• **Task description**
Isolate every line in the data with the string "values" and copy it.

(Data items)
# # # # # # #

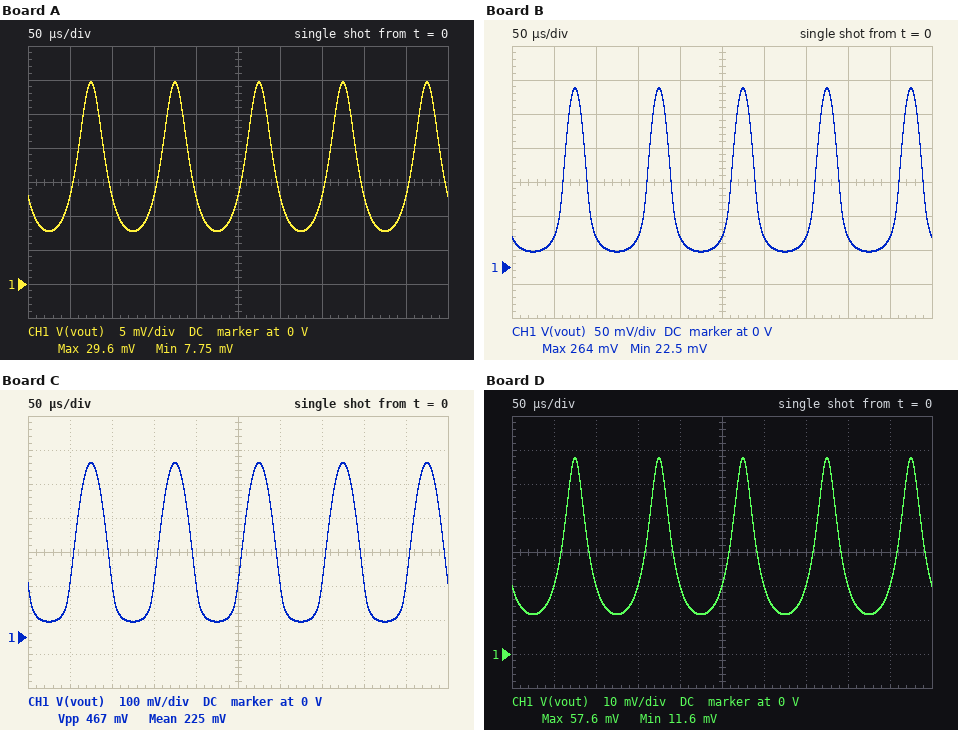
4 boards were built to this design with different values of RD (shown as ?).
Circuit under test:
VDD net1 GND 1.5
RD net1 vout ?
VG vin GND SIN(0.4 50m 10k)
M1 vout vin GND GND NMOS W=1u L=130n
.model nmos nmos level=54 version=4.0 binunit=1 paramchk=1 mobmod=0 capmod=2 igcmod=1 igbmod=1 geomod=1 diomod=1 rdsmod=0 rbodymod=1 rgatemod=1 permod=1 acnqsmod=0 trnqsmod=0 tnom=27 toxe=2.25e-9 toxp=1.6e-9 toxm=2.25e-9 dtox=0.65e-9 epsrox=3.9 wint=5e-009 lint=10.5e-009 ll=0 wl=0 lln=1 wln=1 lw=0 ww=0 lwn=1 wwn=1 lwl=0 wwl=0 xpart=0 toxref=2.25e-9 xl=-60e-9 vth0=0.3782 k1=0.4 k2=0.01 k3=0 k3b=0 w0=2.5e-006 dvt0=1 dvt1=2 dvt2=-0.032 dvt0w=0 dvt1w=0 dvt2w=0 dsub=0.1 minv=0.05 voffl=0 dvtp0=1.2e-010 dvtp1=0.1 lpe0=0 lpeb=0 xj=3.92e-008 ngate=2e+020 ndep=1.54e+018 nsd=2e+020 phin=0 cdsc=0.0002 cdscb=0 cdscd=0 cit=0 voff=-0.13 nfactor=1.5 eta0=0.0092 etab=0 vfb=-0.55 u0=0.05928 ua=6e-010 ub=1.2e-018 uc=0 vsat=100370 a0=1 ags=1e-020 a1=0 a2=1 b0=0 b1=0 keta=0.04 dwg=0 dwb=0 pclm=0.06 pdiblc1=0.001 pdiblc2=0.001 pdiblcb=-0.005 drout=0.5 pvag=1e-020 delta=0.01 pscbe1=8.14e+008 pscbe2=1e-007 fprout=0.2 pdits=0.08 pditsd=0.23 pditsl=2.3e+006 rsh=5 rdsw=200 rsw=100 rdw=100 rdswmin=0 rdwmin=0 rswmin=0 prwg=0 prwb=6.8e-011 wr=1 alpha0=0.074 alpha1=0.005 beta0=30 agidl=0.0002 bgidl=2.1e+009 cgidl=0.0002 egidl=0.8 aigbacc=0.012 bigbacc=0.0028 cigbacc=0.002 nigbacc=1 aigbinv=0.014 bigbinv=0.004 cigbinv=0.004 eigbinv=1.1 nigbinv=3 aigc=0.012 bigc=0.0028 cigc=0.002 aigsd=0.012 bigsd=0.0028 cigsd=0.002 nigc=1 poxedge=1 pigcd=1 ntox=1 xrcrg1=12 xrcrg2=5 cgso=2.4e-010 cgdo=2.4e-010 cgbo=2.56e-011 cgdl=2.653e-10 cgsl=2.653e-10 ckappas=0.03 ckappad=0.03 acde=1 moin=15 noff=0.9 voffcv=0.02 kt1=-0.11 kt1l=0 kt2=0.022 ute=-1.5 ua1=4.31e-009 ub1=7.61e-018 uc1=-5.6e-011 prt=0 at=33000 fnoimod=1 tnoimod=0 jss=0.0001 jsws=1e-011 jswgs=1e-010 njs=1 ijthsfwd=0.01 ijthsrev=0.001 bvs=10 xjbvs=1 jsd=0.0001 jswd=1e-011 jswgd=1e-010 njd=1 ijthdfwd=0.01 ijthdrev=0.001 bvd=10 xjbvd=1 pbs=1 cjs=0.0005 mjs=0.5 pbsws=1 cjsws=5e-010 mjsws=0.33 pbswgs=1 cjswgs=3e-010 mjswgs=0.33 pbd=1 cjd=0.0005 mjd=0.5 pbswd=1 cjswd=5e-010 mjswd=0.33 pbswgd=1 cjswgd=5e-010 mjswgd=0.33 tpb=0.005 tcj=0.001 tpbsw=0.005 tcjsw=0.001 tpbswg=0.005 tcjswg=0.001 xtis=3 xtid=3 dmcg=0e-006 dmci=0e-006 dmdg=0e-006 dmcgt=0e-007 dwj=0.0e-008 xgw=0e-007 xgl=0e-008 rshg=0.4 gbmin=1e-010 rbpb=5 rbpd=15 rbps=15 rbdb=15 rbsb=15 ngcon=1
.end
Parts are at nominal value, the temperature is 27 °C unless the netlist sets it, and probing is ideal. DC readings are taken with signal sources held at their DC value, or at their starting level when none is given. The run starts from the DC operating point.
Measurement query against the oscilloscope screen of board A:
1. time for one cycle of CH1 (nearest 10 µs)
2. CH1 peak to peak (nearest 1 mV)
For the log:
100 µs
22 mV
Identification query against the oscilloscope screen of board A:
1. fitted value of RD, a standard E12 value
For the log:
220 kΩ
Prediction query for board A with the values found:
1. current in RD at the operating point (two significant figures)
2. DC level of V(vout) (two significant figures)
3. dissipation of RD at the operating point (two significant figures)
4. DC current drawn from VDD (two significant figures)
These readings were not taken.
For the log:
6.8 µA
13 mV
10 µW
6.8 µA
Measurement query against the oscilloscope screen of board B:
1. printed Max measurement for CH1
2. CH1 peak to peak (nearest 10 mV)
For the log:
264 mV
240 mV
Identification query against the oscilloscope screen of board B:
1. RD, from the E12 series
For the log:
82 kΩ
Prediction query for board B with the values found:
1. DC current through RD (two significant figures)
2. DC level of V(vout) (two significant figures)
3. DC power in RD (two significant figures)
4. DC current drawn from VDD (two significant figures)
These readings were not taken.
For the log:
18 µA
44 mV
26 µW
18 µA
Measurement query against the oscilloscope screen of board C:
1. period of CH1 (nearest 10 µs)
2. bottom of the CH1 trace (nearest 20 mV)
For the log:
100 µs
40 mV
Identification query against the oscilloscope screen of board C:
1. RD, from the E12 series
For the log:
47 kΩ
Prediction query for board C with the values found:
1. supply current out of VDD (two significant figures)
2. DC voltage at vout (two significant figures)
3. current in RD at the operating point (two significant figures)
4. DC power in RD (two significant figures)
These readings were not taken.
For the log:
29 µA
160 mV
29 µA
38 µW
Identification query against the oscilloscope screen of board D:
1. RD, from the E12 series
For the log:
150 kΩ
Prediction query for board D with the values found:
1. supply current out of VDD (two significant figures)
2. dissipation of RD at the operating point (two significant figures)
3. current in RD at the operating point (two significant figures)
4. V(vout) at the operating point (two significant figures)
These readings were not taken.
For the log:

# # # # # # #

• **Exercise response**
4 boards were built to this design with different values of RD (shown as ?).
Prediction query for board A with the values found:
Prediction query for board B with the values found:
Prediction query for board C with the values found:
Prediction query for board D with the values found:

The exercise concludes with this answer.